If Syria disintegrates, Israel will be able to create an air corridor, running parallel to the Mosul–Haifa oil pipeline, from Israel to Iraqi Kurdistan. Such a corridor could be used for supplying the Kurds with the weapons needed for their secession from Iraq. The military scenario is simple. The radar and communications systems of the Syrian army would be surgically destroyed by Israel.
Afterwards, air convoys would deliver the goods. At the center of the convoy heavy Hercules planes carrying everything up to American M113 armored personnel carrier (Israel vert ical bypass division did that in the past); surrounding them would be fighter planes protecting the transfer. In no time, Iraqi Kurdistan would be de facto independent.
The events in Syria would amount to little else than a smoke screen, slightly hiding the fact that Turkey and Israel would be working in the consolidation of their respective alliances against each other. Eventually, two dynamic corridors would emerge. One would be created by Turkey, connecting its mainland with Lebanon.
This is critical for the solution of the situation in the Eastern Mediterranean. In recent months we saw that on the Mediterranean Sea front, where an alliance between Turkey, Lebanon, Northern Cyprus, and to a lesser extent also Iran, has declared the exploitation by Israel of the new gas fields found there, a casus belli event.

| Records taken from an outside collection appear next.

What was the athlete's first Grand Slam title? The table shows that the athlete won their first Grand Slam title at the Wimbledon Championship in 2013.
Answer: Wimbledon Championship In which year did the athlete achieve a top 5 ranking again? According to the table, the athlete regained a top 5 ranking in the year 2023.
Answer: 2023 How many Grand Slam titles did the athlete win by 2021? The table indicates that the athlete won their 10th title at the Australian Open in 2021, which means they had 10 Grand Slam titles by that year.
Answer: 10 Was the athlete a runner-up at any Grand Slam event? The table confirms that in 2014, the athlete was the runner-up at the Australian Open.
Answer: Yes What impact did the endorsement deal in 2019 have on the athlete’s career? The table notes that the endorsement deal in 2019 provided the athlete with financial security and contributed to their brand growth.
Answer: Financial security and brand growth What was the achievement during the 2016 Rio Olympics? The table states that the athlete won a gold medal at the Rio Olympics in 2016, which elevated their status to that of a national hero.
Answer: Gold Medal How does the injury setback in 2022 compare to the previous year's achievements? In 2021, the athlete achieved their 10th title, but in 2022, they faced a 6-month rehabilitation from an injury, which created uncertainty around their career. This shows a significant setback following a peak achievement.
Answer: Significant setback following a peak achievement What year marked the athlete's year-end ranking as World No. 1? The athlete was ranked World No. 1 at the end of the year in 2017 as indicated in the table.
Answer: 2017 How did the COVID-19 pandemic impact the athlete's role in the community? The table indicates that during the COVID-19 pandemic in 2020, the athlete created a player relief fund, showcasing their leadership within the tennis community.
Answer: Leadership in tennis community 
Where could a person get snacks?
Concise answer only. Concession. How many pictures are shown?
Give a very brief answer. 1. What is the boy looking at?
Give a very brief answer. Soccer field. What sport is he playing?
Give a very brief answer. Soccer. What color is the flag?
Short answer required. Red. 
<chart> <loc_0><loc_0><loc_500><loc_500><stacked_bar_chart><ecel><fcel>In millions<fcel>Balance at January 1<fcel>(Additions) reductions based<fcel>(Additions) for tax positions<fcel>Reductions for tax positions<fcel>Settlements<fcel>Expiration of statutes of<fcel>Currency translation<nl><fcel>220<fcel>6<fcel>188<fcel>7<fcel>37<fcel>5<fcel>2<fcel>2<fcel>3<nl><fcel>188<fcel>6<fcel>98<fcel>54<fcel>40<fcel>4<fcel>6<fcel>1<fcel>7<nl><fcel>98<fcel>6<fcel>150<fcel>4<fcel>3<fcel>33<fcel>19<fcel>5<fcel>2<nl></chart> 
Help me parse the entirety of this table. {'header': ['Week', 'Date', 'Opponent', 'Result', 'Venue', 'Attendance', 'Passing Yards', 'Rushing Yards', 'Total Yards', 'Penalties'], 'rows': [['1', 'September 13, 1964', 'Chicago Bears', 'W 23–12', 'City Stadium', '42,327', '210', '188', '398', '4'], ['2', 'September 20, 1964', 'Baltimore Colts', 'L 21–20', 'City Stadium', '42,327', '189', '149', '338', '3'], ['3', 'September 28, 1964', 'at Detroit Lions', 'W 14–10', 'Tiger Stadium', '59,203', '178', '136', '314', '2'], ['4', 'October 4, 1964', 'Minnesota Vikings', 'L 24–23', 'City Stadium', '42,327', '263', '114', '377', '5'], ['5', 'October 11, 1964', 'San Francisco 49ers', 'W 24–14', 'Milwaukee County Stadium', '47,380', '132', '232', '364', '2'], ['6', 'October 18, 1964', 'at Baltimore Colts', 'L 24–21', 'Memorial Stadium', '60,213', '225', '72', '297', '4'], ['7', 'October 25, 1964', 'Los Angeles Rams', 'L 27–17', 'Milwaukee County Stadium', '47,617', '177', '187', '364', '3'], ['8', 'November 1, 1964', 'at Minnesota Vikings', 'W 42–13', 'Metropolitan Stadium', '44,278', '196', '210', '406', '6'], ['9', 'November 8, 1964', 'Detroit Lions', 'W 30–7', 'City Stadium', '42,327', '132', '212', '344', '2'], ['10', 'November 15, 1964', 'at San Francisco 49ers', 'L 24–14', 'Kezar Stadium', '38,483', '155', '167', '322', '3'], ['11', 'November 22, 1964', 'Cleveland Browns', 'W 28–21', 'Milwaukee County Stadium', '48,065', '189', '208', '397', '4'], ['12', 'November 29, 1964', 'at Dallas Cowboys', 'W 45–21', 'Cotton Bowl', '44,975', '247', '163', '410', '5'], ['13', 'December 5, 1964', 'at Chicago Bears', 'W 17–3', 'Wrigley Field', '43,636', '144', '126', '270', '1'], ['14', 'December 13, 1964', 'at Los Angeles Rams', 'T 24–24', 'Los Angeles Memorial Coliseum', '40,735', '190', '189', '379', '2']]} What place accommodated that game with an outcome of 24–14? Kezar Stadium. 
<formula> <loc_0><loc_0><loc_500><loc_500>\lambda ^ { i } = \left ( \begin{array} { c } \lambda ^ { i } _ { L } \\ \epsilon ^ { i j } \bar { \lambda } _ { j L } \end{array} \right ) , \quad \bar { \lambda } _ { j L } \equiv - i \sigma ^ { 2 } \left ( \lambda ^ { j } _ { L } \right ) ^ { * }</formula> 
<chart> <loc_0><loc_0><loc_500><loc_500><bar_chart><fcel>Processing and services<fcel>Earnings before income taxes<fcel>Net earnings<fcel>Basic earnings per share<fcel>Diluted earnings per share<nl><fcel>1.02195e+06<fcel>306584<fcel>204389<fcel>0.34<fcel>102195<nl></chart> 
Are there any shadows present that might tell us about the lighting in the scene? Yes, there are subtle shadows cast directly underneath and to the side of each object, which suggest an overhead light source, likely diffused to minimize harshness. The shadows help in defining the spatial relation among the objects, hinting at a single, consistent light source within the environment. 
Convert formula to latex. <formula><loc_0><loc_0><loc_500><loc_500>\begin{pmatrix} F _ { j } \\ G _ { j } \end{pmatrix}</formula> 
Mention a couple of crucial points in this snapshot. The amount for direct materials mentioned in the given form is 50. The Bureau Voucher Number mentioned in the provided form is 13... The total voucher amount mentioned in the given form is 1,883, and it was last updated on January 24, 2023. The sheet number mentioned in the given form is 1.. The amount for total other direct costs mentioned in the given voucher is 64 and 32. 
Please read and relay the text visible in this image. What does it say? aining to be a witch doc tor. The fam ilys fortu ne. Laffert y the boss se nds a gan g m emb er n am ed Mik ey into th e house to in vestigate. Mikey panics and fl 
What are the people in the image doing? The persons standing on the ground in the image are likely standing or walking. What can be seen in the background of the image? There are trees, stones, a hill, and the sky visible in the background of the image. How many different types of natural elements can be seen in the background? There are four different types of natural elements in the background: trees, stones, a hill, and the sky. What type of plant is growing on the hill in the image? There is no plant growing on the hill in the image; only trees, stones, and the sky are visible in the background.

On the other side, Israel would try to create a corridor to Kurdistan, which would open a new front with Turkey, as well as decreasing ground access options between Turkey and Iran. Israel has forged alliances with Cyprus (see Buying Cyprus), and Azerbaijan (see Azerbaijan-Israel: A Shia—Jewish Alliance); if it gets an entry to Turkey’s backside, the alliances would be more balanced.
We are witnessing the consolidation of these wide military fronts; their proper build-up will take time. The gas wells that may trigger a violent confrontation between Turkey and Israel will also take some time to be placed.
Until then, Syria would probably be sliced and swallowed by the new regional colonial powers. In Syria as in Libya, Foreign “National Councils”—another oxymoron typical of Western cultures—are reshaping the Middle East, the “Arab Spring” being nothing else but a name mocking the coming nuclear winter.